As a consequence, the remnants of the Ascendancy were gradually displaced during the 19th and early 20th centuries through impoverishment, bankruptcy, the disestablishment of the Church of Ireland by the Irish Church Act 1869 and finally the Irish Land Acts, which legally allowed the sitting tenants to buy their land. Some typical "Ascendancy" land-owning families like the Marquess of Headfort and the Earl of Granard had by then converted to Catholicism, and a considerable number of Protestant Nationalists had already taken their part in Irish history. The government-sponsored Land Commission then bought up a further of farmland between 1885 and 1920 where the freehold was assigned under mortgage to tenant farmers and farm workers.

Nationalist movement

The Irish Rebellion of 1798 was led by members of the Anglo-Irish class, some of whom feared the political implications of the impending union with Great Britain. Reformist and nationalist politicians such as Henry Grattan, Wolfe Tone, Robert Emmet, and Sir John Gray were also Protestant nationalists, and in large measure led and defined Irish nationalism. At the same time the British Government included Anglo-Irish figures at the highest level such as Lord Castlereagh and George Canning, as well others such as the playwright Richard Brinsley Sheridan. Even during the late 19th and early 20th centuries, when Irish nationalism became increasingly tied to a Roman Catholic identity, it continued to count among its leaders Protestants like Charles Stewart Parnell.
With the Protestant yeoman class void being filled by a newly rising "Catholic Ascendancy", the dozens of remaining Protestant large landowners were left isolated within the Catholic population without the benefit of the legal and social conventions on which they had relied. Local government was democratised by the Act of 1898, passing many local powers to councillors who were usually supportive of nationalism. Formerly landlords had controlled the grand jury system, where membership was based on being a large ratepayer, and therefore from owning large amounts of land locally. The final phase of the elimination of the Ascendancy occurred during the Anglo-Irish War, when some of the remaining Protestant landlords were either assassinated and/or had their country homes burned down. Nearly 300 stately homes of the old landed class were burned down between 1919 and 1923. The campaign was stepped up by the Anti-Treaty IRA during the subsequent Irish Civil War, who targeted some remaining wealthy and influential Protestants who had accepted nominations as Senators in the new Seanad of the Irish Free State.

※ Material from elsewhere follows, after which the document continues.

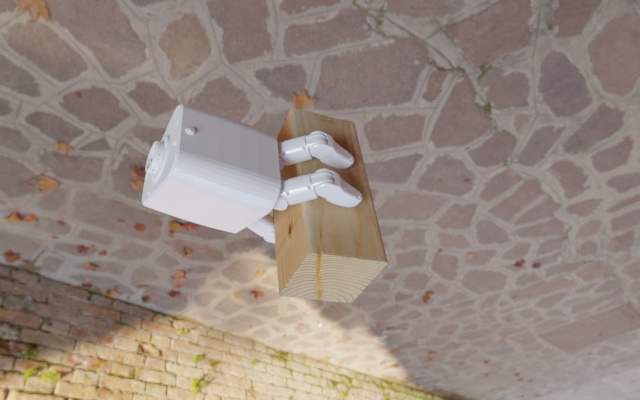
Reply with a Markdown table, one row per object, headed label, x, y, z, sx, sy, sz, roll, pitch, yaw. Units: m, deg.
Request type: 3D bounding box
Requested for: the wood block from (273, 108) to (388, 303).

Artistic and cultural role

Many members of the Ascendancy played a role in literary and artistic matters in 19th- and 20th-century Ireland, notably Oscar Wilde and Nobel prize-winning author George Bernard Shaw, and Lady Gregory and William Butler Yeats who started the influential Celtic Revival movement, and later authors such as Somerville and Ross, Hubert Butler and Elizabeth Bowen. Ballerina Dame Ninette de Valois, Samuel Beckett and the artist Sir William Orpen came from the same social background. Chris de Burgh and the rock concert promoter Lord Conyngham are more recent high-profile descendants of the Ascendancy in Ireland.